Spatial & distributional summary
PropertyValue
Distinct coordinate points6,376
Bounding box (lat)51.261 – 51.423
Bounding box (lng)12.248 – 12.521
Centroid≈ (51.34, 12.37)
Median base rent€460
Median living space66 m²
regio1 / regio2Sachsen / Leipzig
Column schema (27 fields)
ColumnDescription
regio1Federal state (here Sachsen)
regio2City / district (Leipzig)
regio3Quarter / locality (e.g. Lindenau)
geo_plz5-digit postal code
baseRentCold rent, €/month
serviceChargeAncillary costs, €/month (blanked if outside [0,2000])
totalRentWarm rent, €/month (derived where missing)
livingSpaceLiving area, m²
noRoomsNumber of rooms
floorFloor of the unit (blanked if outside [−2,60])
numberOfFloorsFloors in the building
yearConstructedConstruction year (blanked if outside [1850,2025])
typeOfFlatApartment type (e.g. roof_storey)
conditionUnit / building condition
interiorQualInterior quality
heatingTypeHeating system
hasKitchenFitted kitchen (0/1)
balconyBalcony (0/1)
cellarCellar (0/1)
liftElevator (0/1)
gardenGarden (0/1)
newlyConstNewly constructed (0/1)
dateScrape period (e.g. Oct19)
pricePerSqmDerived: baseRent / livingSpace, €/m²
latLatitude (WGS-84), geocoded
lngLongitude (WGS-84), geocoded
geoLevelGeocoding precision: house | street | plz

8Reproducing this

Environment

shellsetup
# Python 3.11; only two third-party packages are needed
pip install pandas requests

# 1) obtain immo_data.csv from Kaggle (login required), place it here
#    https://www.kaggle.com/datasets/corrieaar/apartment-rental-offers-in-germany

python clean_leipzig.py        # immo_data.csv     -> leipzig_clean.csv
python geocode_overpass.py     # leipzig_clean.csv -> leipzig_clean_geo.csv

Reproducibility checklist

9Limitations & ethics

Geocoding accuracy. 90.4% of rows are exact address points; the remaining ~9.6% sit at street or postal-code centroids and are coarser by design. The geoLevel flag makes this explicit so analyses can exclude or down-weight imprecise rows.

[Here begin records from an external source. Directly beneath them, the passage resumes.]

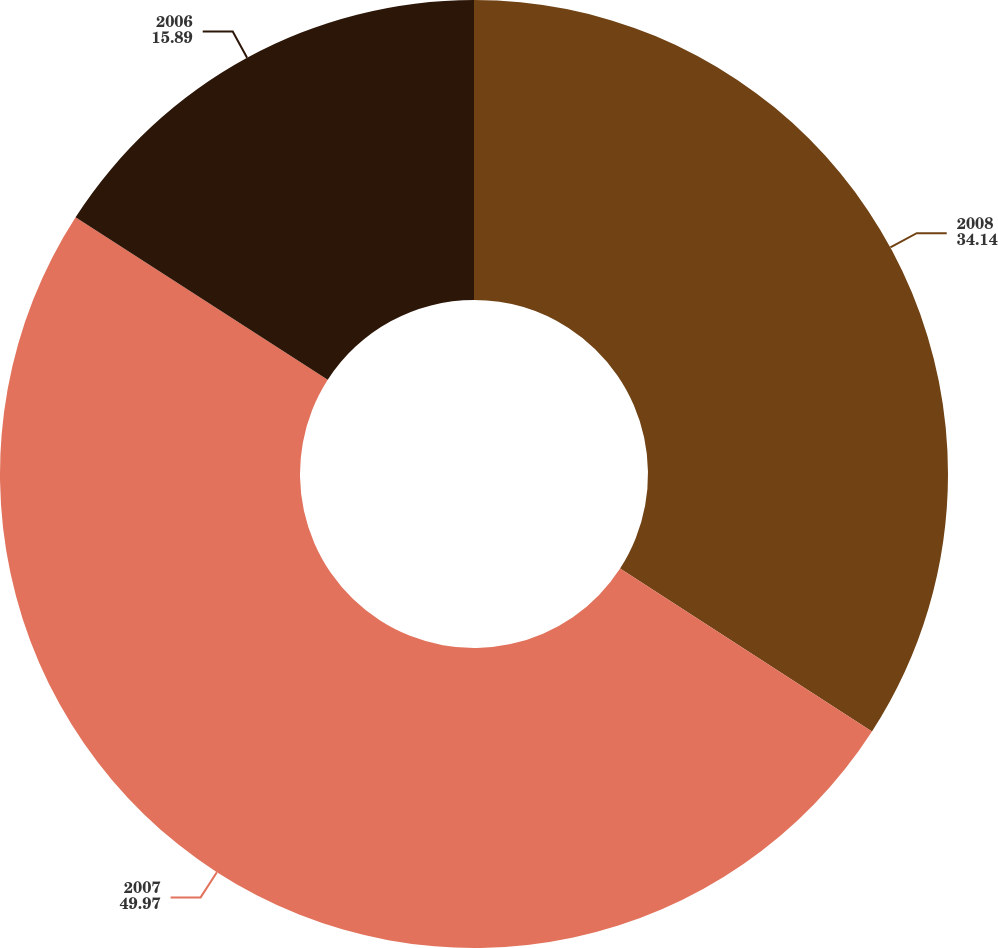Convert chart to OTSL. <chart><loc_0><loc_0><loc_500><loc_500><pie_chart><fcel>2008<fcel>2007<fcel>2006<nl><fcel>34.14%<fcel>49.97%<fcel>15.89%<nl></chart> 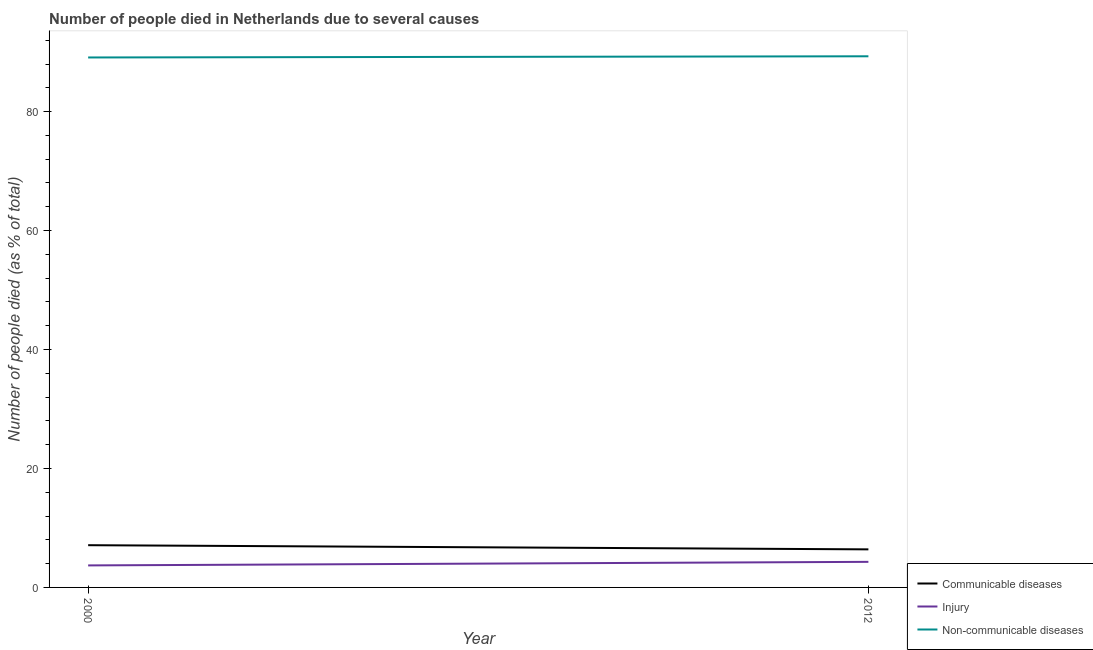How many different coloured lines are there?
Your response must be concise. 3. Is the number of lines equal to the number of legend labels?
Your response must be concise. Yes. Across all years, what is the maximum number of people who dies of non-communicable diseases?
Make the answer very short. 89.3. Across all years, what is the minimum number of people who dies of non-communicable diseases?
Give a very brief answer. 89.1. In which year was the number of people who dies of non-communicable diseases maximum?
Offer a very short reply. 2012. In which year was the number of people who died of injury minimum?
Your response must be concise. 2000. What is the total number of people who dies of non-communicable diseases in the graph?
Keep it short and to the point. 178.4. What is the difference between the number of people who dies of non-communicable diseases in 2000 and that in 2012?
Your response must be concise. -0.2. What is the difference between the number of people who died of injury in 2012 and the number of people who died of communicable diseases in 2000?
Keep it short and to the point. -2.8. What is the average number of people who died of communicable diseases per year?
Your response must be concise. 6.75. In the year 2000, what is the difference between the number of people who died of injury and number of people who died of communicable diseases?
Your response must be concise. -3.4. What is the ratio of the number of people who dies of non-communicable diseases in 2000 to that in 2012?
Provide a short and direct response. 1. Is the number of people who died of injury in 2000 less than that in 2012?
Offer a very short reply. Yes. In how many years, is the number of people who died of communicable diseases greater than the average number of people who died of communicable diseases taken over all years?
Your answer should be very brief. 1. Is it the case that in every year, the sum of the number of people who died of communicable diseases and number of people who died of injury is greater than the number of people who dies of non-communicable diseases?
Your answer should be compact. No. What is the difference between two consecutive major ticks on the Y-axis?
Keep it short and to the point. 20. Does the graph contain any zero values?
Provide a succinct answer. No. Where does the legend appear in the graph?
Provide a short and direct response. Bottom right. How are the legend labels stacked?
Your response must be concise. Vertical. What is the title of the graph?
Your answer should be compact. Number of people died in Netherlands due to several causes. What is the label or title of the Y-axis?
Give a very brief answer. Number of people died (as % of total). What is the Number of people died (as % of total) in Communicable diseases in 2000?
Your answer should be very brief. 7.1. What is the Number of people died (as % of total) of Non-communicable diseases in 2000?
Your answer should be compact. 89.1. What is the Number of people died (as % of total) of Injury in 2012?
Your answer should be very brief. 4.3. What is the Number of people died (as % of total) of Non-communicable diseases in 2012?
Keep it short and to the point. 89.3. Across all years, what is the maximum Number of people died (as % of total) in Non-communicable diseases?
Provide a succinct answer. 89.3. Across all years, what is the minimum Number of people died (as % of total) in Communicable diseases?
Give a very brief answer. 6.4. Across all years, what is the minimum Number of people died (as % of total) of Injury?
Your response must be concise. 3.7. Across all years, what is the minimum Number of people died (as % of total) of Non-communicable diseases?
Ensure brevity in your answer.  89.1. What is the total Number of people died (as % of total) in Non-communicable diseases in the graph?
Your answer should be compact. 178.4. What is the difference between the Number of people died (as % of total) in Injury in 2000 and that in 2012?
Give a very brief answer. -0.6. What is the difference between the Number of people died (as % of total) of Non-communicable diseases in 2000 and that in 2012?
Your answer should be very brief. -0.2. What is the difference between the Number of people died (as % of total) in Communicable diseases in 2000 and the Number of people died (as % of total) in Non-communicable diseases in 2012?
Make the answer very short. -82.2. What is the difference between the Number of people died (as % of total) in Injury in 2000 and the Number of people died (as % of total) in Non-communicable diseases in 2012?
Ensure brevity in your answer.  -85.6. What is the average Number of people died (as % of total) in Communicable diseases per year?
Provide a short and direct response. 6.75. What is the average Number of people died (as % of total) of Injury per year?
Provide a short and direct response. 4. What is the average Number of people died (as % of total) of Non-communicable diseases per year?
Provide a succinct answer. 89.2. In the year 2000, what is the difference between the Number of people died (as % of total) in Communicable diseases and Number of people died (as % of total) in Non-communicable diseases?
Offer a very short reply. -82. In the year 2000, what is the difference between the Number of people died (as % of total) in Injury and Number of people died (as % of total) in Non-communicable diseases?
Give a very brief answer. -85.4. In the year 2012, what is the difference between the Number of people died (as % of total) of Communicable diseases and Number of people died (as % of total) of Non-communicable diseases?
Your answer should be compact. -82.9. In the year 2012, what is the difference between the Number of people died (as % of total) in Injury and Number of people died (as % of total) in Non-communicable diseases?
Your answer should be very brief. -85. What is the ratio of the Number of people died (as % of total) of Communicable diseases in 2000 to that in 2012?
Offer a very short reply. 1.11. What is the ratio of the Number of people died (as % of total) of Injury in 2000 to that in 2012?
Offer a very short reply. 0.86. What is the ratio of the Number of people died (as % of total) in Non-communicable diseases in 2000 to that in 2012?
Make the answer very short. 1. What is the difference between the highest and the second highest Number of people died (as % of total) in Injury?
Give a very brief answer. 0.6. What is the difference between the highest and the second highest Number of people died (as % of total) in Non-communicable diseases?
Your answer should be compact. 0.2. What is the difference between the highest and the lowest Number of people died (as % of total) of Communicable diseases?
Make the answer very short. 0.7. What is the difference between the highest and the lowest Number of people died (as % of total) in Injury?
Give a very brief answer. 0.6.

Temporal scope. Listings are from 2018–19 and reflect that market, not current rents. The OSM extract is contemporaneous with processing, not with the listings.

Selection & portal bias. The data is one portal's online offers, not a census of the housing stock; price and composition are biased toward what was advertised on ImmoScout24.

Privacy & license. Records are public, aggregated property advertisements with no personal identifiers. Processing adds none. Reuse is bound by CC BY-NC-SA (attribution, non-commercial, share-alike); OSM-derived coordinates are © OpenStreetMap contributors under the ODbL.